Le cyberpunk est mort : vive le cyberpunk

Lorsque l'apogée commerciale d'un genre témoigne de sa mort spirituelle, il faut remonter à ses origines pour lui donner une nouvelle vie.

di Lorenzo Pennacchi

AprĂšs des annĂ©es d'attente en dĂ©cembre, il est enfin sorti Cyberpunk 2077 dĂ©veloppĂ© par CD Projekt RED. Il y a quelques semaines, Mondadori a publiĂ© la collection Cyberpunk, qui regroupe trois grands classiques du genre : Neuromancer di William Gibson, Snow crash di Neal Stephenson e La matrice brisĂ©e di Bruce Sterling. Une liste de courses devrait ĂȘtre faite juste pour lister les principales Ɠuvres pouvant ĂȘtre classĂ©es dans cette catĂ©gorie et ses prĂ©curseurs. Blade Runner, Ghost in the Shell, Transmetropolitan, Nirvana
 Le cyberpunk est partout, mais ce n'est pas forcĂ©ment bon. C'est un le problĂšme quand il se rapporte Ă  une sociĂ©tĂ© trop cyber et pas trĂšs punk, qui le rĂ©duit Ă  un Ă©niĂšme objet de consommation et le transforme en agent de sociĂ©tĂ© de divertissement, thĂ©orisĂ© par Guy Debord en 1967 : 

Le spectacle est le mauvais rĂȘve de la sociĂ©tĂ© moderne enchaĂźnĂ©e, qui n'exprime finalement que son envie de dormir. Le spectacle est le gardien de ce sommeil.  

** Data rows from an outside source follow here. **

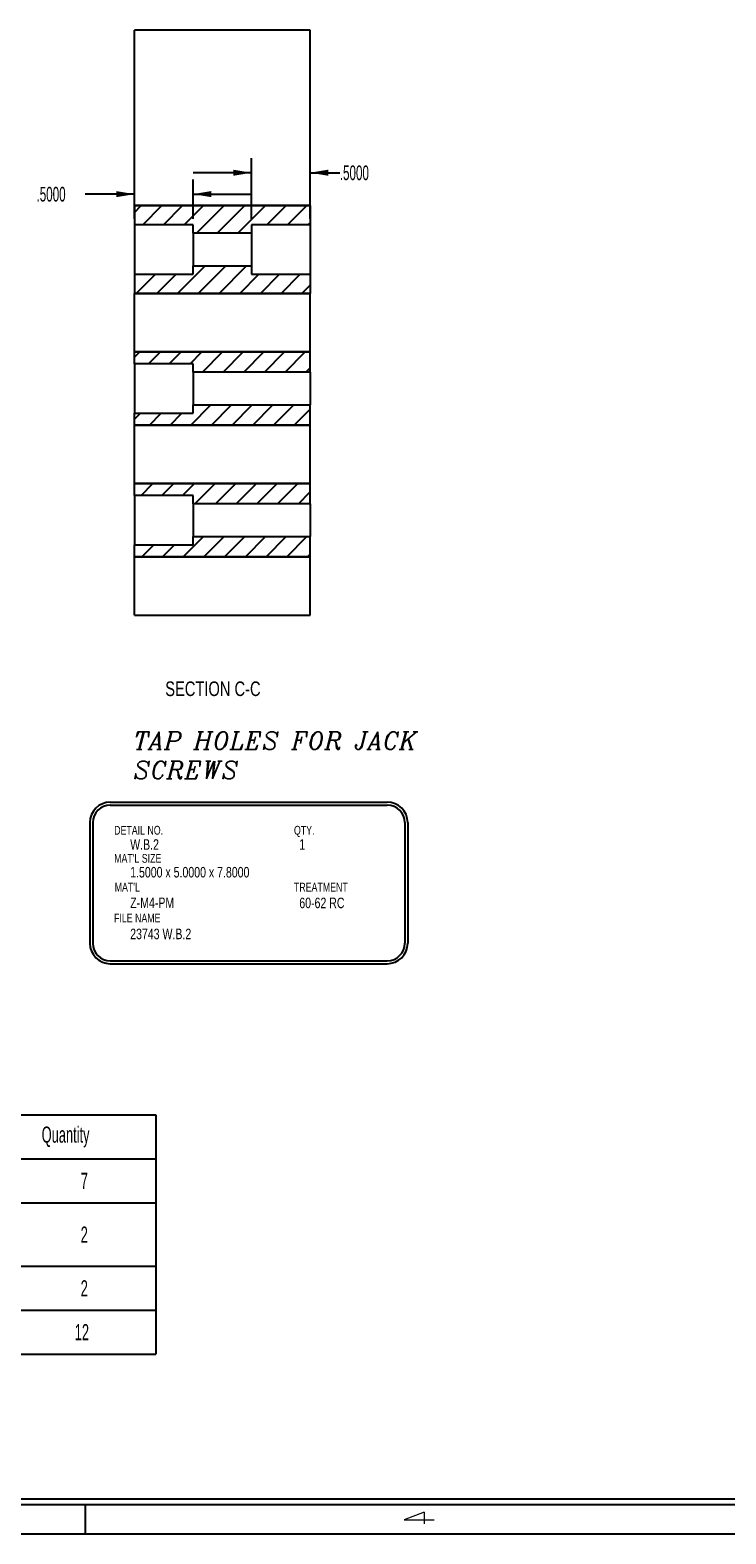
# Model space of a CAD drawing. Header units: inches. Extents: x 1802 to 2468, y -253 to -72.
# Tile 249 of 256: x 2116.48 to 2122.42, y -182.65 to -169.8. Entities that reach past the tile are written whole.
import ezdxf

# ---------------------------------------------------------------- set-up
doc = ezdxf.new("R2010")
doc.units = ezdxf.units.IN
doc.header["$LTSCALE"] = 0.5
doc.header["$MEASUREMENT"] = 0
for name, color, linetype in [('SID-M-D', 42, 'Continuous'), ('SID-M-F', 202, 'Continuous'), ('SID-M-M', 233, 'Continuous'), ('SID-M-S', 105, 'Continuous')]:
    doc.layers.add(name, color=color, linetype=linetype)
doc.styles.add('I', font='ITALIC.SHX')
doc.styles.add('R', font='ROMAND.SHX')
doc.styles.add('SLDTEXTSTYLE0', font='TXT', dxfattribs={"width": 0.595745})

# ---------------------------------------------------------------- blocks, each defined once
blk = doc.blocks.new('*U9')
at = {"layer": 'SID-M-S'}
for p, q in [((-34, -0.25), (0, -0.25)), ((-34, -0.3), (0, -0.3)), ((-23, -0.3), (-23, -0.55)), ((-34, -0.55), (0, -0.55))]:
    blk.add_line(p, q, dxfattribs=at)
at = {"layer": 'SID-M-D', "style": 'R', "width": 4}
blk.add_text('4', height=0.1, dxfattribs=at).set_placement((-20.327, -0.464))

msp = doc.modelspace()

# ---------------------------------------------------------------- linework, layer by layer
at = {"layer": 'SID-M-D'}
for p, q in [((2118.3683, -171.41081), (2118.3683, -170.8908)), ((2118.8683, -171.41081), (2118.8683, -170.8908)), ((2118.3683, -171.0158), (2117.8683, -171.0158)), ((2118.8683, -171.0158), (2119.12235, -171.0158)), ((2117.3683, -171.41081), (2117.3683, -171.07351)), ((2117.8683, -171.41081), (2117.8683, -171.07351)), ((2117.3683, -171.19851), (2116.94619, -171.19851)), ((2117.8683, -171.19851), (2118.3683, -171.19851))]:
    msp.add_line(p, q, dxfattribs=at)
at = {"layer": 'SID-M-D', "color": 0}
for p, q in [((2116.36896, -179.06679), (2117.55006, -179.06679)), ((2117.55006, -179.06679), (2117.55006, -179.44179)), ((2116.36896, -179.44179), (2117.55006, -179.44179)), ((2117.55006, -179.44179), (2117.55006, -179.81679)), ((2116.36896, -179.81679), (2117.55006, -179.81679)), ((2117.55006, -179.81679), (2117.55006, -180.35952)), ((2116.36896, -180.35952), (2117.55006, -180.35952)), ((2117.55006, -180.35952), (2117.55006, -180.73452)), ((2116.36896, -180.73452), (2117.55006, -180.73452)), ((2117.55006, -180.73452), (2117.55006, -181.10952)), ((2116.36896, -181.10952), (2117.55006, -181.10952))]:
    msp.add_line(p, q, dxfattribs=at)
at = {"layer": 'SID-M-D'}
for points in [[(2118.3683, -171.0158), (2118.2123, -170.9898), (2118.2123, -171.0418)], [(2118.8683, -171.0158), (2119.0243, -171.0418), (2119.0243, -170.9898)], [(2117.3683, -171.19851), (2117.2123, -171.17251), (2117.2123, -171.22451)], [(2117.8683, -171.19851), (2118.0243, -171.22451), (2118.0243, -171.17251)]]:
    msp.add_solid(points, dxfattribs=at)
at = {"layer": 'SID-M-F', "linetype": 'Continuous'}
for p, q in [((2117.3683, -171.35472), (2117.4262, -171.29681)), ((2117.43898, -171.46081), (2117.60298, -171.29681)), ((2117.61575, -171.46081), (2117.77975, -171.29681)), ((2117.79253, -171.46081), (2117.95653, -171.29681)), ((2117.89893, -171.53119), (2118.13331, -171.29681)), ((2118.07571, -171.53119), (2118.31008, -171.29681)), ((2118.25248, -171.53119), (2118.48686, -171.29681)), ((2118.49964, -171.46081), (2118.66364, -171.29681)), ((2118.67641, -171.46081), (2118.84041, -171.29681)), ((2118.85319, -171.46081), (2118.8683, -171.44571)), ((2117.3683, -171.88505), (2117.37053, -171.88281)), ((2117.38331, -172.04681), (2117.54731, -171.88281)), ((2117.56008, -172.04681), (2117.72408, -171.88281)), ((2117.73686, -172.04681), (2117.97123, -171.81244)), ((2117.91364, -172.04681), (2118.14801, -171.81244)), ((2118.09041, -172.04681), (2118.32479, -171.81244)), ((2118.26719, -172.04681), (2118.43119, -171.88281)), ((2118.44397, -172.04681), (2118.60797, -171.88281)), ((2118.62074, -172.04681), (2118.78474, -171.88281)), ((2118.79752, -172.04681), (2118.8683, -171.97604)), ((2117.3683, -172.59215), (2117.41364, -172.54681)), ((2117.48891, -172.64831), (2117.59041, -172.54681)), ((2117.66569, -172.64831), (2117.76719, -172.54681)), ((2117.84247, -172.64831), (2117.94397, -172.54681)), ((2117.94874, -172.71881), (2118.12074, -172.54681)), ((2118.12552, -172.71881), (2118.29752, -172.54681)), ((2118.3023, -172.71881), (2118.4743, -172.54681)), ((2118.47907, -172.71881), (2118.65107, -172.54681)), ((2118.65585, -172.71881), (2118.82785, -172.54681)), ((2118.83263, -172.71881), (2118.8683, -172.68314)), ((2117.3683, -173.12248), (2117.42047, -173.07031)), ((2117.49574, -173.17181), (2117.59724, -173.07031)), ((2117.67252, -173.17181), (2117.77402, -173.07031)), ((2117.8493, -173.17181), (2118.0213, -172.99981)), ((2118.02607, -173.17181), (2118.19807, -172.99981)), ((2118.20285, -173.17181), (2118.37485, -172.99981)), ((2118.37963, -173.17181), (2118.55163, -172.99981)), ((2118.5564, -173.17181), (2118.7284, -172.99981)), ((2118.73318, -173.17181), (2118.8683, -173.0367)), ((2117.42461, -173.77327), (2117.52611, -173.67177)), ((2117.60139, -173.77327), (2117.70289, -173.67177)), ((2117.77817, -173.77327), (2117.87967, -173.67177)), ((2117.88444, -173.84377), (2118.05644, -173.67177)), ((2118.06122, -173.84377), (2118.23322, -173.67177)), ((2118.238, -173.84377), (2118.41, -173.67177)), ((2118.41477, -173.84377), (2118.58677, -173.67177)), ((2118.59155, -173.84377), (2118.76355, -173.67177)), ((2118.76833, -173.84377), (2118.8683, -173.7438)), ((2117.43144, -174.29677), (2117.53294, -174.19527)), ((2117.60822, -174.29677), (2117.70972, -174.19527)), ((2117.785, -174.29677), (2117.957, -174.12477)), ((2117.96177, -174.29677), (2118.13377, -174.12477)), ((2118.13855, -174.29677), (2118.31055, -174.12477)), ((2118.31533, -174.29677), (2118.48733, -174.12477)), ((2118.4921, -174.29677), (2118.6641, -174.12477)), ((2118.66888, -174.29677), (2118.84088, -174.12477)), ((2118.84566, -174.29677), (2118.8683, -174.27413))]:
    msp.add_line(p, q, dxfattribs=at)
at = {"layer": 'SID-M-M'}
for p, q in [((2117.16164, -176.39383), (2119.52763, -176.39383)), ((2117.16164, -176.41883), (2119.52763, -176.41883)), ((2116.98664, -176.56883), (2116.98664, -177.59935)), ((2117.01164, -176.56883), (2117.01164, -177.59935)), ((2119.67763, -176.56883), (2119.67763, -177.59935)), ((2119.70263, -176.56883), (2119.70263, -177.59935)), ((2117.16164, -177.74935), (2119.52763, -177.74935)), ((2117.16164, -177.77435), (2119.52763, -177.77435))]:
    msp.add_line(p, q, dxfattribs=at)
for centre, radius, start, end in [((2117.16164, -176.56883), 0.175, 90, 180), ((2117.16164, -176.56883), 0.15, 90, 180), ((2119.52763, -176.56883), 0.175, 0, 90), ((2119.52763, -176.56883), 0.15, 0, 90), ((2117.16164, -177.59935), 0.175, 180, 270), ((2117.16164, -177.59935), 0.15, 180, 270), ((2119.52763, -177.59935), 0.15, 270, 0), ((2119.52763, -177.59935), 0.175, 270, 0)]:
    msp.add_arc(centre, radius, start, end, dxfattribs=at)
at = {"layer": 'SID-M-S'}
for p, q in [((2117.3683, -171.29681), (2117.3683, -169.79679)), ((2118.8683, -169.79679), (2117.3683, -169.79679)), ((2118.8683, -171.29681), (2118.8683, -169.79679)), ((2118.8683, -171.29681), (2117.3683, -171.29681)), ((2117.3683, -171.29681), (2118.8683, -171.29681)), ((2117.3683, -171.29681), (2117.3683, -171.46081)), ((2118.8683, -171.29681), (2118.8683, -171.46081)), ((2117.8683, -171.46081), (2117.3683, -171.46081)), ((2117.3683, -171.46081), (2117.3683, -171.88281)), ((2117.8683, -171.53119), (2117.8683, -171.46081)), ((2118.3683, -171.53119), (2117.8683, -171.53119)), ((2117.8683, -171.53119), (2117.8683, -171.81244)), ((2118.8683, -171.46081), (2118.3683, -171.46081)), ((2118.3683, -171.46081), (2118.3683, -171.53119)), ((2118.3683, -171.53119), (2118.3683, -171.81244)), ((2118.8683, -171.46081), (2118.8683, -171.88281)), ((2117.3683, -171.88281), (2117.8683, -171.88281)), ((2117.3683, -171.88281), (2117.3683, -172.04681)), ((2117.8683, -171.81244), (2118.3683, -171.81244)), ((2117.8683, -171.88281), (2117.8683, -171.81244)), ((2118.3683, -171.81244), (2118.3683, -171.88281)), ((2118.3683, -171.88281), (2118.8683, -171.88281)), ((2118.8683, -171.88281), (2118.8683, -172.04681)), ((2117.3683, -172.54681), (2117.3683, -172.04681)), ((2117.3683, -172.04681), (2118.8683, -172.04681)), ((2118.8683, -172.04681), (2117.3683, -172.04681)), ((2118.8683, -172.54681), (2118.8683, -172.04681)), ((2118.8683, -172.54681), (2117.3683, -172.54681)), ((2117.3683, -172.64831), (2117.3683, -172.54681)), ((2117.3683, -172.54681), (2118.8683, -172.54681)), ((2118.8683, -172.71881), (2118.8683, -172.54681)), ((2117.8683, -172.64831), (2117.3683, -172.64831)), ((2117.3683, -172.64831), (2117.3683, -173.07031)), ((2117.8683, -172.71881), (2117.8683, -172.64831)), ((2118.8683, -172.71881), (2117.8683, -172.71881)), ((2117.8683, -172.71881), (2117.8683, -172.99981)), ((2118.8683, -172.71881), (2118.8683, -172.99981)), ((2117.3683, -173.17181), (2117.3683, -173.07031)), ((2117.3683, -173.07031), (2117.8683, -173.07031)), ((2117.8683, -173.07031), (2117.8683, -172.99981)), ((2117.8683, -172.99981), (2118.8683, -172.99981)), ((2118.8683, -173.17181), (2118.8683, -172.99981)), ((2117.3683, -173.17181), (2118.8683, -173.17181)), ((2117.3683, -173.67177), (2117.3683, -173.17181)), ((2118.8683, -173.17181), (2117.3683, -173.17181)), ((2118.8683, -173.67177), (2118.8683, -173.17181)), ((2118.8683, -173.67177), (2117.3683, -173.67177)), ((2117.3683, -173.77327), (2117.3683, -173.67177)), ((2117.3683, -173.67177), (2118.8683, -173.67177)), ((2118.8683, -173.84377), (2118.8683, -173.67177)), ((2117.8683, -173.77327), (2117.3683, -173.77327)), ((2117.3683, -173.77327), (2117.3683, -174.19527)), ((2117.8683, -173.84377), (2117.8683, -173.77327)), ((2118.8683, -173.84377), (2117.8683, -173.84377)), ((2117.8683, -173.84377), (2117.8683, -174.12477)), ((2118.8683, -173.84377), (2118.8683, -174.12477)), ((2117.3683, -174.29677), (2117.3683, -174.19527)), ((2117.3683, -174.19527), (2117.8683, -174.19527)), ((2117.8683, -174.19527), (2117.8683, -174.12477)), ((2117.8683, -174.12477), (2118.8683, -174.12477)), ((2118.8683, -174.29677), (2118.8683, -174.12477)), ((2117.3683, -174.79679), (2117.3683, -174.29677)), ((2117.3683, -174.29677), (2118.8683, -174.29677)), ((2118.8683, -174.29677), (2117.3683, -174.29677)), ((2118.8683, -174.79679), (2118.8683, -174.29677)), ((2117.3683, -174.79679), (2118.8683, -174.79679))]:
    msp.add_line(p, q, dxfattribs=at)

# ---------------------------------------------------------------- block references
at = {"layer": 'SID-M-D'}
msp.add_blockref('*U9', (2139.94756, -182.09685), dxfattribs=at)

# ---------------------------------------------------------------- texts
at = {"layer": 'SID-M-D', "style": 'SLDTEXTSTYLE0', "width": 0.75}
for s, height, p in [('SECTION C-C', 0.125, (2117.63084, -175.48753)), ('DETAIL NO.', 0.075, (2117.19452, -176.67162)), ('QTY.', 0.075, (2118.73076, -176.67162)), ('W.B.2', 0.09, (2117.33146, -176.8009)), ('1', 0.09, (2118.77649, -176.8009)), ("MAT'L SIZE", 0.075, (2117.19452, -176.91173)), ('1.5000 x 5.0000 x 7.8000', 0.09, (2117.33146, -177.03771)), ("MAT'L", 0.075, (2117.19915, -177.1579)), ('TREATMENT', 0.075, (2118.73076, -177.1579)), ('Z-M4-PM', 0.09, (2117.33146, -177.29895)), ('60-62 RC', 0.09, (2118.77649, -177.30002)), ('FILE NAME', 0.075, (2117.19323, -177.42203)), ('23743 W.B.2', 0.09, (2117.33146, -177.56505))]:
    msp.add_text(s, height=height, dxfattribs=at).set_placement(p)
at = {"layer": 'SID-M-D', "char_height": 0.125, "attachment_point": 1, "style": 'SLDTEXTSTYLE0'}
for insert in [(2119.12235, -170.95388), (2116.53056, -171.1366)]:
    msp.add_mtext('.5000', dxfattribs=dict(at, insert=insert))
at = {"layer": 'SID-M-D', "insert": (2117.35941, -175.7941), "char_height": 0.15, "width": 2.6427476, "attachment_point": 1, "style": 'I'}
msp.add_mtext('{TAP HOLES FOR JACK SCREWS}', dxfattribs=at)
at = {"layer": 'SID-M-D', "color": 0, "attachment_point": 1, "style": 'SLDTEXTSTYLE0'}
for s, insert, char_height in [('Quantity', (2116.57502, -179.16575), 0.137795), ('7', (2116.9086, -179.56117), 0.1378), ('2', (2116.9086, -180.02003), 0.1378), ('2', (2116.9086, -180.47889), 0.1378), ('12', (2116.85769, -180.85389), 0.137795)]:
    msp.add_mtext(s, dxfattribs=dict(at, insert=insert, char_height=char_height))

doc.saveas('drawing.dxf')

Avec des technologies de pointe, des néons et Keanu Reeves en service, le spectateur est entraßné dans le cyberespace aux possibilités infinies. Mais il reste impuissant là-bas. Alors le cyberpunk vend son ùme au diable, en contradiction avec les principes qui l'ont fondé. Cette condition paradoxale est perçue avant tout en référence à la Contexte italien. Dans les années XNUMX en Italie, le cyberpunk était quelque chose de nettement politique. Pour s'en rendre compte il suffit de récupérer quelques textes cultes de cette période. La préface de l'anthologie Cyberpunk édité par Shake Edizioni Underground s'ouvre sur ces mots du curateur Raffaele Scelsi :

La tension politique de ce papier est en effet orientée vers la réappropriation de la communication par les mouvements sociaux, à travers la formation de réseaux informatiques alternatifs, qui peuvent finalement impacter le pouvoir excessif des multinationales du secteur.. 

Et ça se termine comme ça : 

Aujourd'hui, à travers le cyberpunk, l'opportunité est offerte à tous les opérateurs culturels et de mouvement d'ouvrir un nouveau champ énorme de production d'images collectives, capable de déboßter la couche imaginative tenace qui existe, dont elle a été comprimée le plus longtemps. 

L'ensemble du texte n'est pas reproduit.